Explore how customer churn prediction utilizes data to identify and retain at-risk customers, enhancing business revenue and customer retention.

Cayden Meyer
Cayden Meyer
Founder & CEO
The Practical Guide to Customer Churn Prediction

What is customer churn prediction?

Customer churn prediction is the process of using data from a variety of sources to identify which customers are likely to stop using or paying for a product or service. The goal is to spot customers who are likely to leave before they actually do and take appropriate action to ensure they stay. 

Why is it impactful?

Two key reasons, revenue impact and effectiveness in retaining customers. 

Nothing hurts business growth faster than a churn problem, new customers are expensive to acquire and a large portion of revenue growth comes from existing customers. This makes proactively dealing with churn critical.

Churn prediction enables you to deal with churn proactively which is a lot more likely to succeed than reacting once the customer has already made their mind up. Imagine you are not having a great experience with a new service you are trying, if someone reached out to help you are much more likely to stay and find value in the new service. Now imagine, that someone reached out after you cancelled? The amount of effort required to change your mind and go back to the product is much larger and this is true for your customers too. 

How do you actually predict customer churn? 

Definitions: What counts as churn

This is the first and most important thing to predicting churn: What counts as churn? It sounds like a simple question, but it is a little harder than you might think. 

Let’s start with easy pieces.

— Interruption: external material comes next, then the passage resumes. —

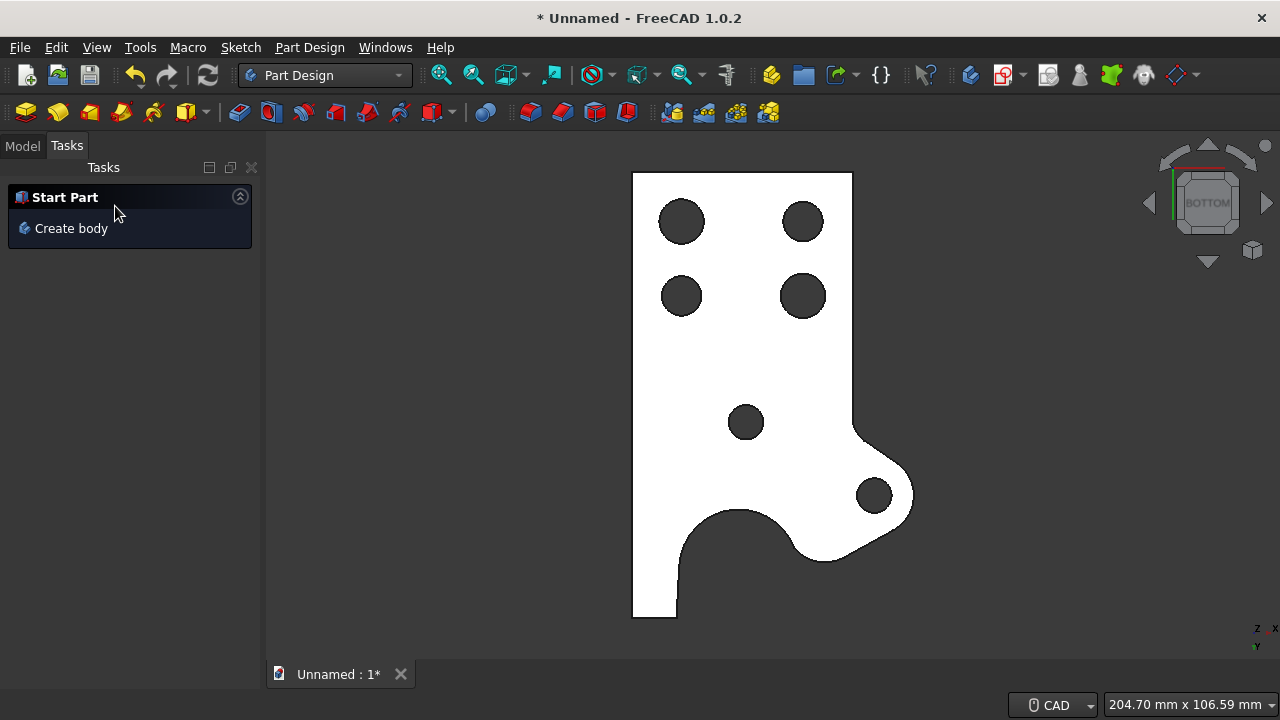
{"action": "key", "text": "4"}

Is churn:

  1. An account that stopped paying?
  2. An account that is not using the product after some period?
  3. An account that has not made a new purchase sometime after their previous? 

Next, how do you define “an account”? Is it a user, a team or a company? This matters a lot for scenarios where you might have multiple teams or users from the same company paying separately. Is the company churned just because a single user has? Is the company even converted at that point? 

If you are a subscription business, you will want to think about the moment of churn. Assuming churn is the user no longer paying, does this happen:

  1. When a paid subscription ends?
  2. When they click cancel or make the decision not to renew?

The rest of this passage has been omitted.